A) Western blot analysis of known transcriptional target proteins for FOXM1 in HBEC3-KT at day 7 following exposure to 2Gy X-ray and transfection at day 3 with 100nM aptamer of random sequence (Control) or of a sequence interfering with FOXM1 transcriptional activity (Aptamer). B) Micronucleus assay in the same cells analyzed in A. Error bars represent standard deviation. 1 of 2 experiments shown. One Way ANOVA followed by Bonferroni post-test. C) Effect of aptamer transfection on the gene conversion assay to report homologous recombination dependent repair. Error bars represent SEM. Average of two experiments. One Way ANOVA followed by Bonferroni post-test.

Fig 5. FOXM1b overexpression is sufficient to induce genomic instability.
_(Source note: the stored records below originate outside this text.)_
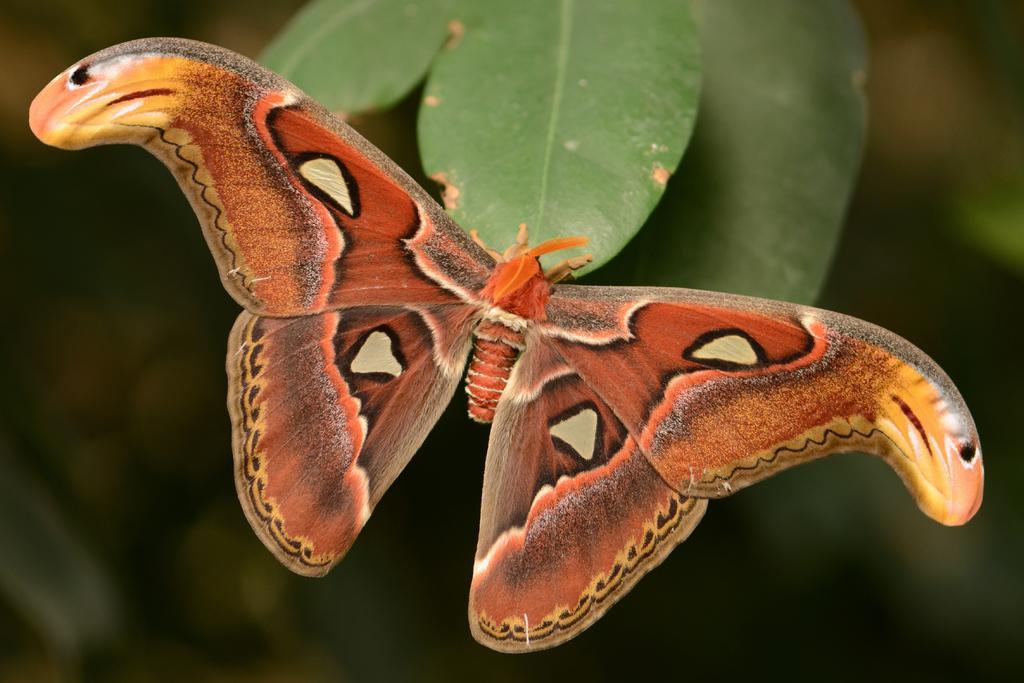Please provide a concise description of this image. In this picture I can observe a butterfly. The butterfly is in orange color. There are some leaves. The background is completely blurred. 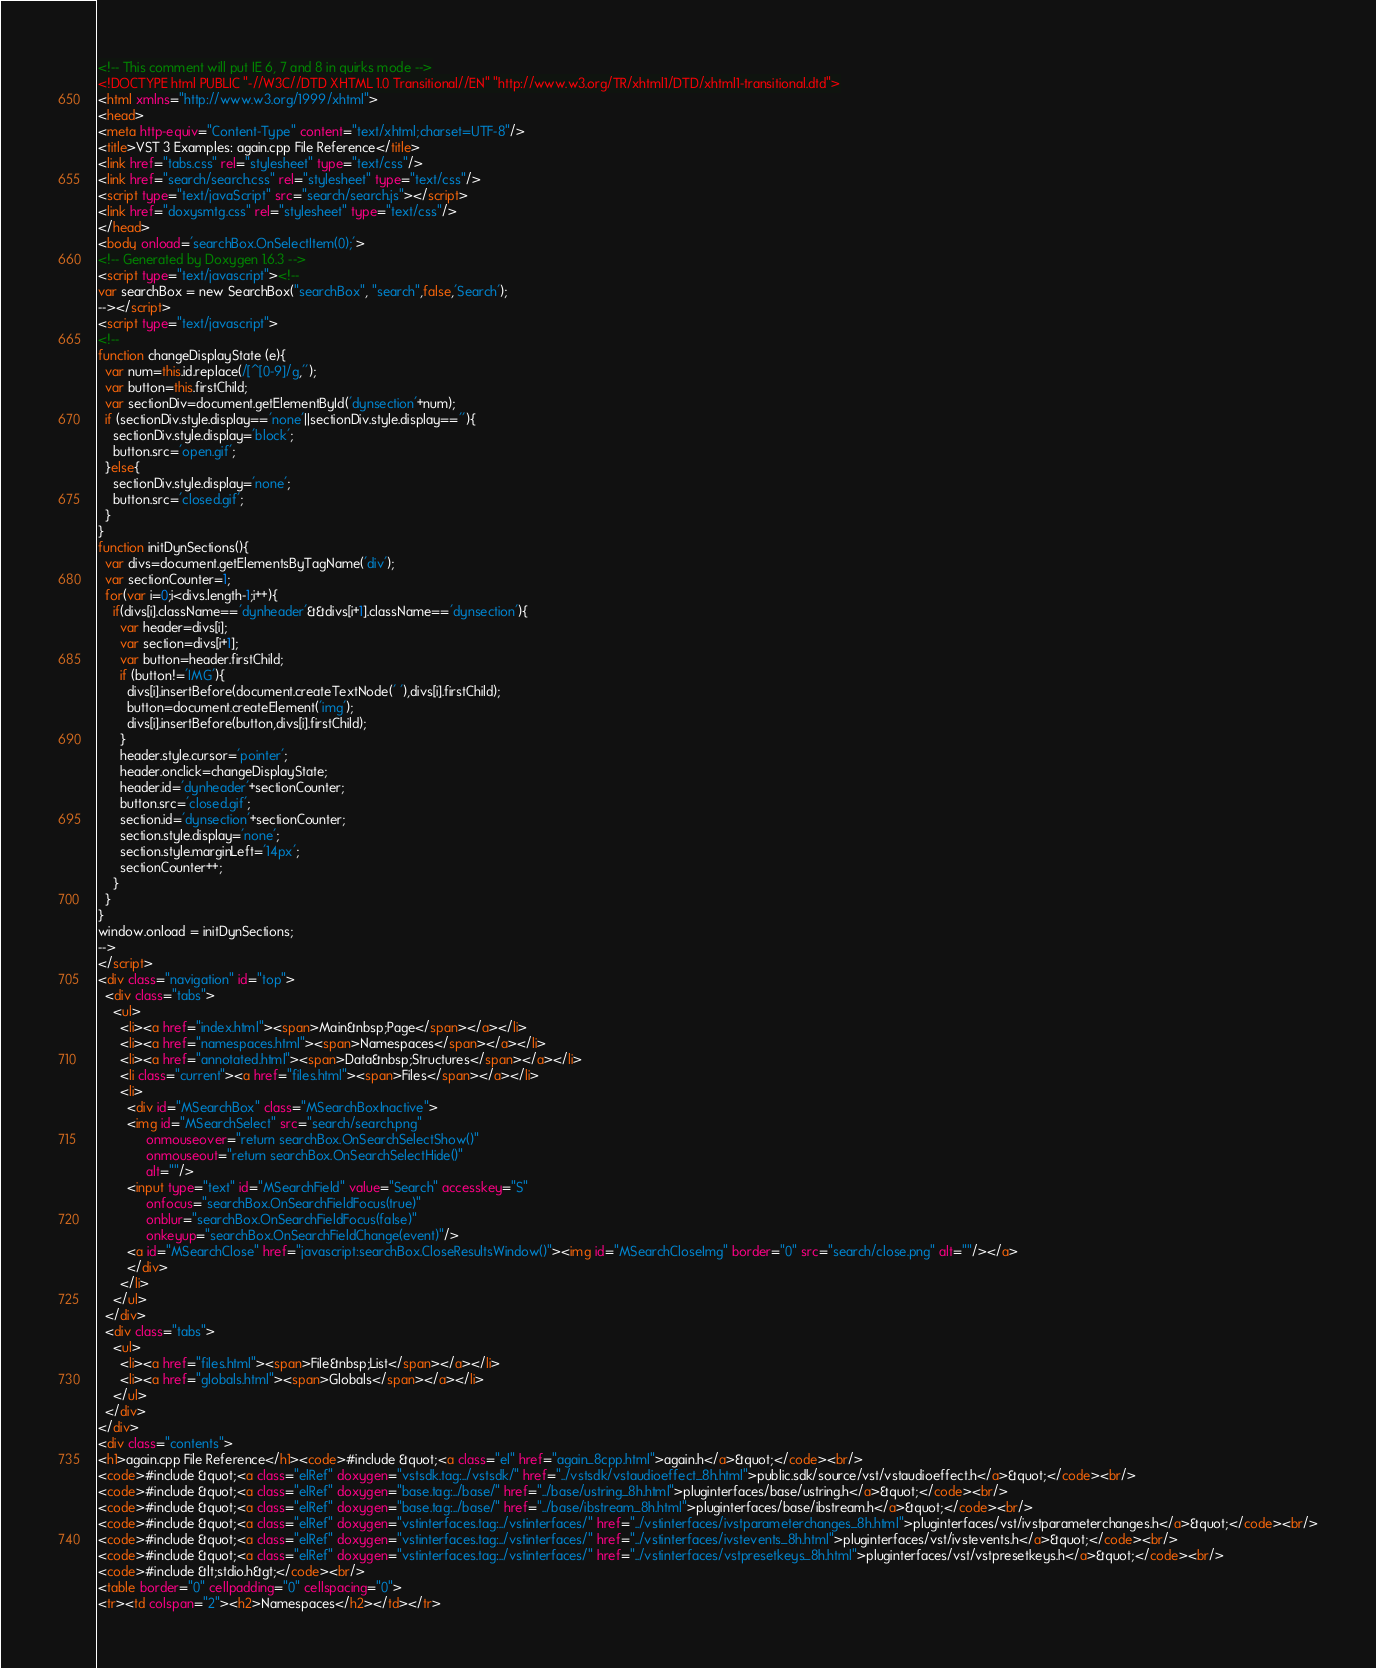<code> <loc_0><loc_0><loc_500><loc_500><_HTML_><!-- This comment will put IE 6, 7 and 8 in quirks mode -->
<!DOCTYPE html PUBLIC "-//W3C//DTD XHTML 1.0 Transitional//EN" "http://www.w3.org/TR/xhtml1/DTD/xhtml1-transitional.dtd">
<html xmlns="http://www.w3.org/1999/xhtml">
<head>
<meta http-equiv="Content-Type" content="text/xhtml;charset=UTF-8"/>
<title>VST 3 Examples: again.cpp File Reference</title>
<link href="tabs.css" rel="stylesheet" type="text/css"/>
<link href="search/search.css" rel="stylesheet" type="text/css"/>
<script type="text/javaScript" src="search/search.js"></script>
<link href="doxysmtg.css" rel="stylesheet" type="text/css"/>
</head>
<body onload='searchBox.OnSelectItem(0);'>
<!-- Generated by Doxygen 1.6.3 -->
<script type="text/javascript"><!--
var searchBox = new SearchBox("searchBox", "search",false,'Search');
--></script>
<script type="text/javascript">
<!--
function changeDisplayState (e){
  var num=this.id.replace(/[^[0-9]/g,'');
  var button=this.firstChild;
  var sectionDiv=document.getElementById('dynsection'+num);
  if (sectionDiv.style.display=='none'||sectionDiv.style.display==''){
    sectionDiv.style.display='block';
    button.src='open.gif';
  }else{
    sectionDiv.style.display='none';
    button.src='closed.gif';
  }
}
function initDynSections(){
  var divs=document.getElementsByTagName('div');
  var sectionCounter=1;
  for(var i=0;i<divs.length-1;i++){
    if(divs[i].className=='dynheader'&&divs[i+1].className=='dynsection'){
      var header=divs[i];
      var section=divs[i+1];
      var button=header.firstChild;
      if (button!='IMG'){
        divs[i].insertBefore(document.createTextNode(' '),divs[i].firstChild);
        button=document.createElement('img');
        divs[i].insertBefore(button,divs[i].firstChild);
      }
      header.style.cursor='pointer';
      header.onclick=changeDisplayState;
      header.id='dynheader'+sectionCounter;
      button.src='closed.gif';
      section.id='dynsection'+sectionCounter;
      section.style.display='none';
      section.style.marginLeft='14px';
      sectionCounter++;
    }
  }
}
window.onload = initDynSections;
-->
</script>
<div class="navigation" id="top">
  <div class="tabs">
    <ul>
      <li><a href="index.html"><span>Main&nbsp;Page</span></a></li>
      <li><a href="namespaces.html"><span>Namespaces</span></a></li>
      <li><a href="annotated.html"><span>Data&nbsp;Structures</span></a></li>
      <li class="current"><a href="files.html"><span>Files</span></a></li>
      <li>
        <div id="MSearchBox" class="MSearchBoxInactive">
        <img id="MSearchSelect" src="search/search.png"
             onmouseover="return searchBox.OnSearchSelectShow()"
             onmouseout="return searchBox.OnSearchSelectHide()"
             alt=""/>
        <input type="text" id="MSearchField" value="Search" accesskey="S"
             onfocus="searchBox.OnSearchFieldFocus(true)" 
             onblur="searchBox.OnSearchFieldFocus(false)" 
             onkeyup="searchBox.OnSearchFieldChange(event)"/>
        <a id="MSearchClose" href="javascript:searchBox.CloseResultsWindow()"><img id="MSearchCloseImg" border="0" src="search/close.png" alt=""/></a>
        </div>
      </li>
    </ul>
  </div>
  <div class="tabs">
    <ul>
      <li><a href="files.html"><span>File&nbsp;List</span></a></li>
      <li><a href="globals.html"><span>Globals</span></a></li>
    </ul>
  </div>
</div>
<div class="contents">
<h1>again.cpp File Reference</h1><code>#include &quot;<a class="el" href="again_8cpp.html">again.h</a>&quot;</code><br/>
<code>#include &quot;<a class="elRef" doxygen="vstsdk.tag:../vstsdk/" href="../vstsdk/vstaudioeffect_8h.html">public.sdk/source/vst/vstaudioeffect.h</a>&quot;</code><br/>
<code>#include &quot;<a class="elRef" doxygen="base.tag:../base/" href="../base/ustring_8h.html">pluginterfaces/base/ustring.h</a>&quot;</code><br/>
<code>#include &quot;<a class="elRef" doxygen="base.tag:../base/" href="../base/ibstream_8h.html">pluginterfaces/base/ibstream.h</a>&quot;</code><br/>
<code>#include &quot;<a class="elRef" doxygen="vstinterfaces.tag:../vstinterfaces/" href="../vstinterfaces/ivstparameterchanges_8h.html">pluginterfaces/vst/ivstparameterchanges.h</a>&quot;</code><br/>
<code>#include &quot;<a class="elRef" doxygen="vstinterfaces.tag:../vstinterfaces/" href="../vstinterfaces/ivstevents_8h.html">pluginterfaces/vst/ivstevents.h</a>&quot;</code><br/>
<code>#include &quot;<a class="elRef" doxygen="vstinterfaces.tag:../vstinterfaces/" href="../vstinterfaces/vstpresetkeys_8h.html">pluginterfaces/vst/vstpresetkeys.h</a>&quot;</code><br/>
<code>#include &lt;stdio.h&gt;</code><br/>
<table border="0" cellpadding="0" cellspacing="0">
<tr><td colspan="2"><h2>Namespaces</h2></td></tr></code>

A) Western blot for Flag-tagged FOXM1 expression and transcriptional target proteins in stably expressing U2OS cells induced for 48h with the indicated Doxycycline concentration. B) Micronucleus formation in HBEC3-KT and U2OS transiently expressing FOXM1. Empty vector or FOXM1 were transfected 72h prior to the 18h incubation with cytochalasin. U2OS cells were treated with 1μg/ml Dox. Error bars represent SEM. Student’s t-test. C) Western blot analysis for RPA2 and Chk1 phosphorylation in HBEC3-KT and U2OS cells overexpressing FOXM1 or treated with HU 25μM for 48h or 3mM for 4h.

Fig 6. FOXM1 expression promotes cell transformation.

Triplicate flasks of HBEC3-KT cells were exposed to 4Gy X-ray and transfected at day 4 with the indicated construct. At day 6 post-irradiation, the cells were passaged and samples were collected for micronucleus assay shown in (A). After a month of continuous growth, the cells were tested for growth in soft agar shown in (B). Error bars represent SEM. Student’s t-test and One Way ANOVA with Fisher’s LSD post-test for aptamer and radiation samples. Scale bar = 200 μm.